Part 3 of the book considers how this psychology became sexualized through the influence of the father of psychoanalysis, Sigmund Freud. Freud, more than anyone, says Trueman, was responsible for the sexualisation of psychology. For Freud, man is essentially a sexual being and therefore being free to express ones sexuality and pursuing sexual fulfilment is at the heart of what it means to be human. This means that for Freud, sex was not simply to be regarded as an act (something humans do), but something we are (the essence of our identity). But this sexualized man was then politicized through the work of the Marxist Frankfurt School – specifically the writings of Wilhelm Reich and Herbert Marcuse. As a result of their influence modern man has embraced the idea that any restriction or taboos placed upon his sexual activity must be seen as both oppressive and evil.

In part 4 Trueman explains how all of these ideas have been disseminated at a popular level and demonstrates that they lie at the root of all of the sexual and moral confusion we see all around us. He shows how this has lead to the normalization of pornography (what he calls the pornification of our culture) and how this thinking shapes what is emphasized in academic institutions. Perhaps most shockingly, he shows how this kind of thinking has influenced even the rulings of the Supreme Court in the United States. All of this, says Trueman, is simply an outworking of the intellectual traditions of the West that has shaped who we are and what we intuitively believe.
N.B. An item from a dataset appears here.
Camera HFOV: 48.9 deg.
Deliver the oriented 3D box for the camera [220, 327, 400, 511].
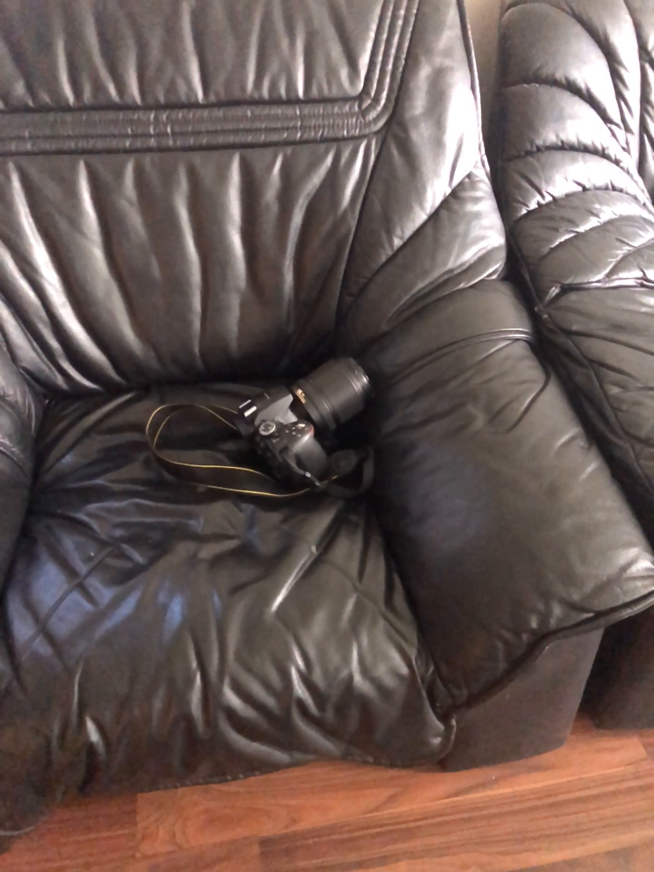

Trueman makes it very clear that his book is neither a polemic against the LGBTQ+ movement nor a lament over the moral corruption that is threatening to destroy our society. His desire is to move the Church beyond simply complaining about what we see happening and instead seek to understand the ideas that underpin the secular worldview and look for ways to respond appropriately. Christians must play the hand that they’ve been dealt, he says, lamenting about how bad that hand is will accomplish nothing. He does not give his readers much practical instruction with regards to what this appropriate response should look like. But then again, he does make clear that this book was never intended to be the final word on the subject. It is a prolegomenon, an introduction to the subject that will hopefully lead to fruitful exploration by others.

My only critique of The Rise and Triumph of the Modern Self would be the fact that it is written at an intellectual and technical level that may make it inaccessible to many Christians. The reason I find this so frustrating is that the average Christian desperately needs to be educated on these issues. The intellectual heritage of the West has not only affected those we would label as leftists or liberals. None of us are immune to its influence. We all intuitively think like Expressive Individualists and we can’t even begin to think about engaging the culture around us if we’ve yet to discover how that culture has shaped us as well. But my hope is that Trueman’s book would indeed accomplish what he set out to do. That it would at least start a conversation on these issues. That we would see more books on this subject, especially books written at the popular level that would help Christians understand the culture of Expressive Individualism – a culture which, as much as we might want to deny it, has had an influence on us all.